Being self-employed can have many benefits, including flexibility and tax breaks. But as your own boss, you don’t have access to traditional employee perks like sick pay. That’s why you might want to think about self-employed income protection.

Read our guide to income protection insurance for self-employed people and consider your options.

Written by
Tim Knighton
Life, health and income protection insurance expert
Last Updated
13 FEBRUARY 2025
6 min read
Share article

60-second summary

Want the quick facts about self-employed income protection?
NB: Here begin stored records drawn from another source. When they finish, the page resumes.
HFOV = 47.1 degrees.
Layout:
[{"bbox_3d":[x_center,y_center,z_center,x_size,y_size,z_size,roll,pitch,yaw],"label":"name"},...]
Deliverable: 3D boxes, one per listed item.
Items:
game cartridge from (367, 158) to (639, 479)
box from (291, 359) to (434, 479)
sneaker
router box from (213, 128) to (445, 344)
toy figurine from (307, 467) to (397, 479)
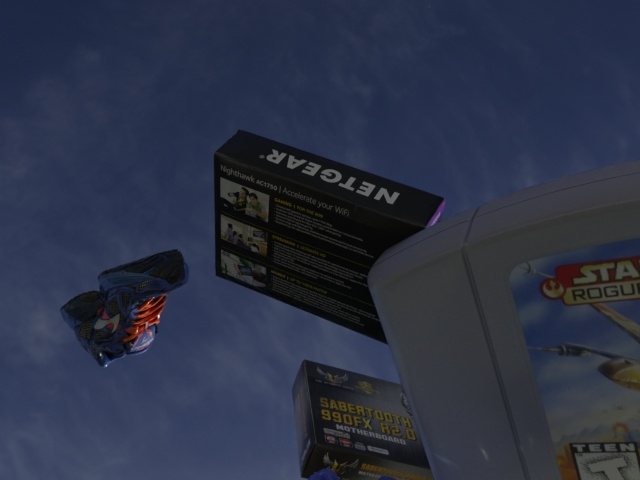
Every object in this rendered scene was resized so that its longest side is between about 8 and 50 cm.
[{"bbox_3d":[0.178,0.057,0.351,0.297,0.062,0.198,-9,-63,27],"label":"game cartridge"},{"bbox_3d":[0.083,0.250,0.952,0.231,0.183,0.056,17,-70,-12],"label":"box"},{"bbox_3d":[-0.194,0.073,0.768,0.221,0.083,0.087,-31,-95,49],"label":"sneaker"},{"bbox_3d":[0.000,0.000,0.595,0.179,0.046,0.133,21,-47,16],"label":"router box"},{"bbox_3d":[0.052,0.193,0.337,0.191,0.362,0.217,22,-74,-7],"label":"toy figurine"}]
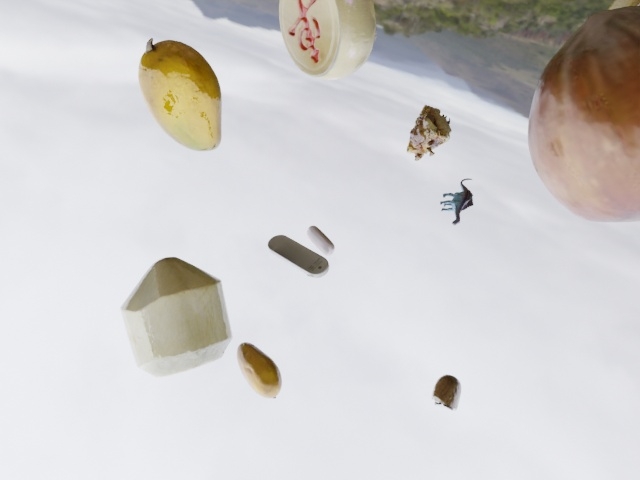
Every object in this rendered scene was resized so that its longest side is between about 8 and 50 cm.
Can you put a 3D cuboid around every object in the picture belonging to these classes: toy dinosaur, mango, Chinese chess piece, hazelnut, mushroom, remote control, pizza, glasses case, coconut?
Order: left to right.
[{"bbox_3d":[-0.278,0.142,1.092,0.202,0.221,0.202,-13,177,-1],"label":"coconut"},{"bbox_3d":[-0.315,-0.330,1.318,0.177,0.316,0.119,-34,-133,-16],"label":"mango"},{"bbox_3d":[-0.214,0.436,1.943,0.109,0.147,0.227,-28,-121,-23],"label":"mango"},{"bbox_3d":[-0.073,0.048,1.803,0.245,0.022,0.077,29,-119,33],"label":"remote control"},{"bbox_3d":[0.000,0.000,1.252,0.021,0.032,0.083,-9,-134,-48],"label":"glasses case"},{"bbox_3d":[0.010,-0.470,1.212,0.097,0.250,0.251,-22,-141,-30],"label":"Chinese chess piece"},{"bbox_3d":[0.282,-0.284,1.492,0.069,0.154,0.194,23,-172,-14],"label":"pizza"},{"bbox_3d":[0.341,0.410,1.528,0.072,0.094,0.209,11,162,16],"label":"mushroom"},{"bbox_3d":[0.360,-0.103,1.489,0.080,0.045,0.197,3,-138,26],"label":"toy dinosaur"},{"bbox_3d":[0.523,-0.201,0.926,0.373,0.372,0.315,10,173,-28],"label":"hazelnut"}]

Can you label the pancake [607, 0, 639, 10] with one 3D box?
[{"bbox_3d":[0.662,-0.458,1.305,0.065,0.356,0.356,48,-154,15],"label":"pancake"}]
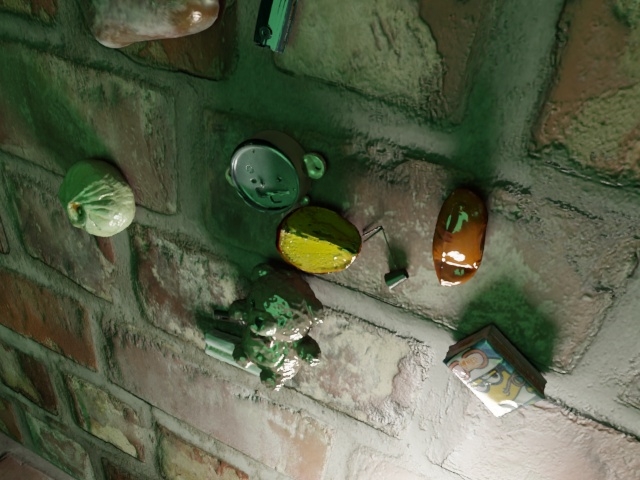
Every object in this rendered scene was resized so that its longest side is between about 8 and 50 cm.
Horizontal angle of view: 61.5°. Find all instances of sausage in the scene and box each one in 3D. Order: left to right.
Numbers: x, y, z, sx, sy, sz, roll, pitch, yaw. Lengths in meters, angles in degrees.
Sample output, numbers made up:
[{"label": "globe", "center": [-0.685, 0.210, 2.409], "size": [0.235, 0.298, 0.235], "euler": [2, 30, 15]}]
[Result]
[{"label": "sausage", "center": [0.230, -0.004, 0.889], "size": [0.089, 0.089, 0.179], "euler": [17, 130, 20]}]

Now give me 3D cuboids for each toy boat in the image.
[{"label": "toy boat", "center": [-0.064, -0.370, 0.841], "size": [0.055, 0.060, 0.141], "euler": [27, 122, 13]}]

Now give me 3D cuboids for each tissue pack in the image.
[{"label": "tissue pack", "center": [0.323, 0.245, 0.999], "size": [0.155, 0.065, 0.115], "euler": [45, 130, -2]}]

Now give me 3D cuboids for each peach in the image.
[{"label": "peach", "center": [0.002, -0.005, 1.009], "size": [0.172, 0.092, 0.127], "euler": [0, 131, 24]}]

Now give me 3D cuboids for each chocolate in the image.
[{"label": "chocolate", "center": [-0.319, -0.435, 0.928], "size": [0.303, 0.100, 0.185], "euler": [4, 124, 32]}]

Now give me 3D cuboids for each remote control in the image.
[{"label": "remote control", "center": [-0.223, 0.190, 1.318], "size": [0.091, 0.016, 0.034], "euler": [4, 116, 28]}]

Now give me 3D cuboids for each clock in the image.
[{"label": "clock", "center": [-0.095, -0.124, 1.012], "size": [0.229, 0.063, 0.155], "euler": [0, 118, 32]}]

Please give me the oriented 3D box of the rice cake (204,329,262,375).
[{"label": "rice cake", "center": [-0.193, 0.285, 1.344], "size": [0.226, 0.040, 0.085], "euler": [16, 126, 21]}]

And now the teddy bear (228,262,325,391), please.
[{"label": "teddy bear", "center": [-0.092, 0.187, 1.153], "size": [0.236, 0.151, 0.267], "euler": [32, 135, 18]}]

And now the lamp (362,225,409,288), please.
[{"label": "lamp", "center": [0.125, 0.032, 1.003], "size": [0.054, 0.041, 0.121], "euler": [-27, 106, 31]}]

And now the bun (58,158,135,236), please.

Read on:

  • Self-employed income protection can cover some of your income if you can’t work because of illness or injury.
  • Short-term and long-term policies are available.
  • This type of insurance can be crucial if you don’t have enough savings to cover your outgoings if you can’t work.
  • The cost of this type of insurance depends on factors including your job, age, existing medical conditions and the level of cover you want.
  • There’s usually a waiting period before payments start.

What is self-employed income protection?

Self-employed income protection insurance can help you recoup some of your lost earnings if you’re unable to work due to illness or injury.

With this type of cover, you can get regular payments of a proportion of your average income. This is typically 50-65%, though it varies between insurance providers.

You can choose between short-term and long-term income protection.

  • With a short-term policy, your cover will last for a set amount of time. If your claim is successful, you’ll receive payments until you can either return to work or the policy ends, whichever is sooner.
  • With long-term income protection, you’ll continue to receive pay-outs until you’re able to return to work or you reach retirement age.

Do I need self-employed income protection?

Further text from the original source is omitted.